─── LISTED ENTRIES ───

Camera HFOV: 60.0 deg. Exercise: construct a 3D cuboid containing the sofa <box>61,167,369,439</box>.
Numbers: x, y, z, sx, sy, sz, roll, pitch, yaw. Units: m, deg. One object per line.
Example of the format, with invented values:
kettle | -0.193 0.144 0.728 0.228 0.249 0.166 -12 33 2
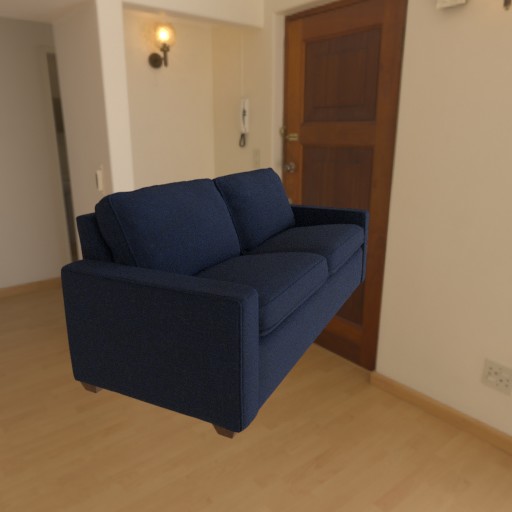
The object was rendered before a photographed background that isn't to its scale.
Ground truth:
sofa | 0.000 0.000 2.641 0.940 0.919 2.080 7 17 25

───

# TASK DETAILS:
Your answer should be an exact copy of the records above, with no pictures in it.

# ANSWER BELOW:
Camera HFOV: 60.0 deg. Exercise: construct a 3D cuboid containing the sofa <box>61,167,369,439</box>.
Numbers: x, y, z, sx, sy, sz, roll, pitch, yaw. Units: m, deg. One object per line.
Example of the format, with invented values:
kettle | -0.193 0.144 0.728 0.228 0.249 0.166 -12 33 2
The object was rendered before a photographed background that isn't to its scale.
Ground truth:
sofa | 0.000 0.000 2.641 0.940 0.919 2.080 7 17 25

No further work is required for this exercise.